Euro/USD Pattern bearishbut buy bullish

USD Fundamental Outlook: Nonfarm Payrolls Focus, Surprising Data May Boost USD

Summary: The recent weakness in the USD may be short-lived; Citigroup's Economic Surprise Index for the US suggests a tendency for economic data to surprise on the upside, which could boost the USD; this week's heavyweight risk event is focused on Friday's February nonfarm payrolls report.

Over the past week, the USD weakened slightly, with the DXY index falling by 0.7%. More broadly, the S&P 500 index's rise of 1.9% last week was its best weekly performance since January, indicating that sentiment is a key driver of financial markets. This suppressed demand for safe havens. In this optimistic atmosphere, traders may become complacent.

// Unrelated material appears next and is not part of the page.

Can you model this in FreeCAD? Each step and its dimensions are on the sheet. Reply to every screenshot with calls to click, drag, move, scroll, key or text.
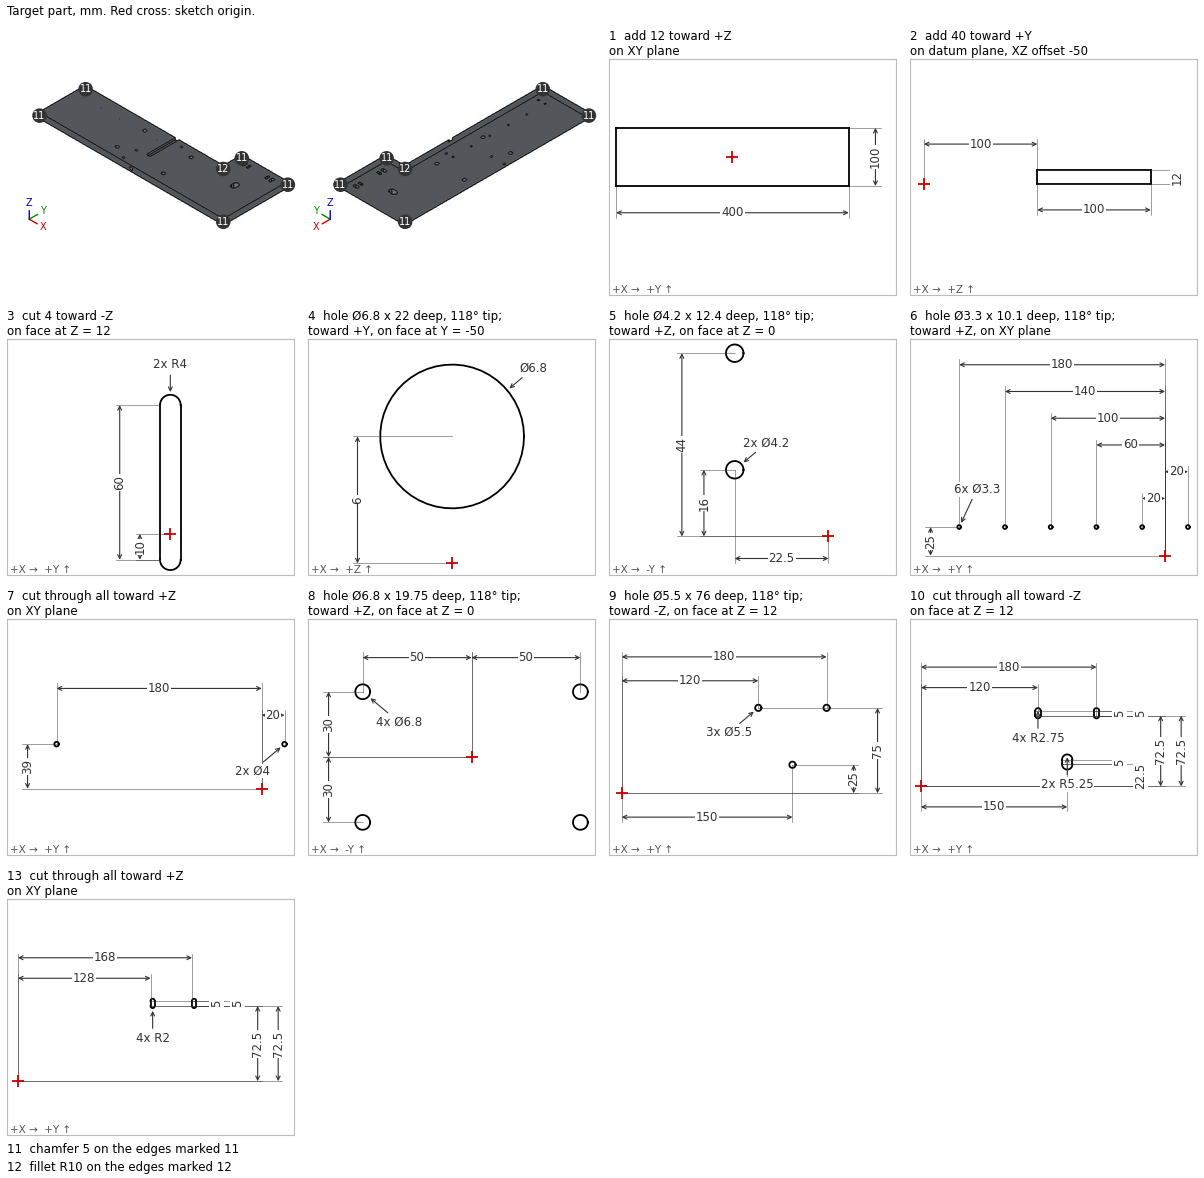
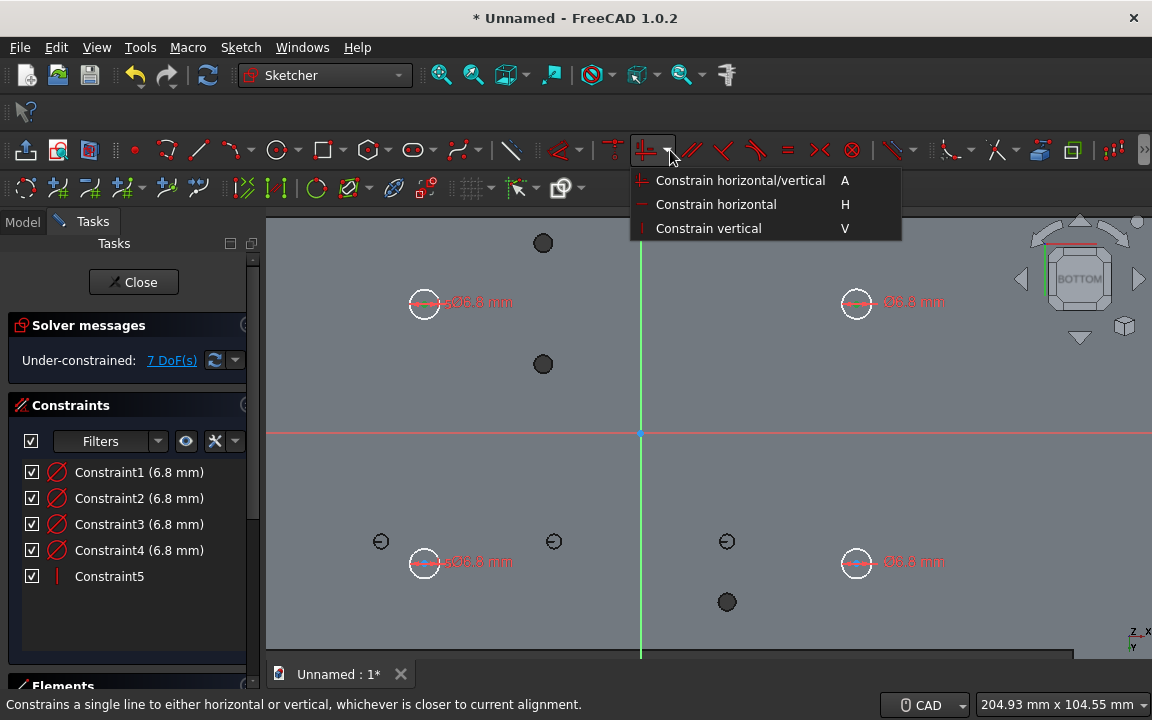
click(766, 204)

Investors seem to be concerned about comments from Atlanta Fed President Raphael Bostic. He said that the central bank may pause rate hikes this summer. Meanwhile, Richmond Fed President Thomas Barkin noted that there is "no reason" to pause rate hikes "at this point." Given these comments, the market seems to be more dovish, which is not surprising.

Recent CPI and Fed-favored PCE price index data suggest that inflation is slowing down. Last week's ISM wage price index unexpectedly rose, further confirming this. In other words, the cooling of inflation is slowing down. This is not what the Fed wants to see, especially with the labor market still tight.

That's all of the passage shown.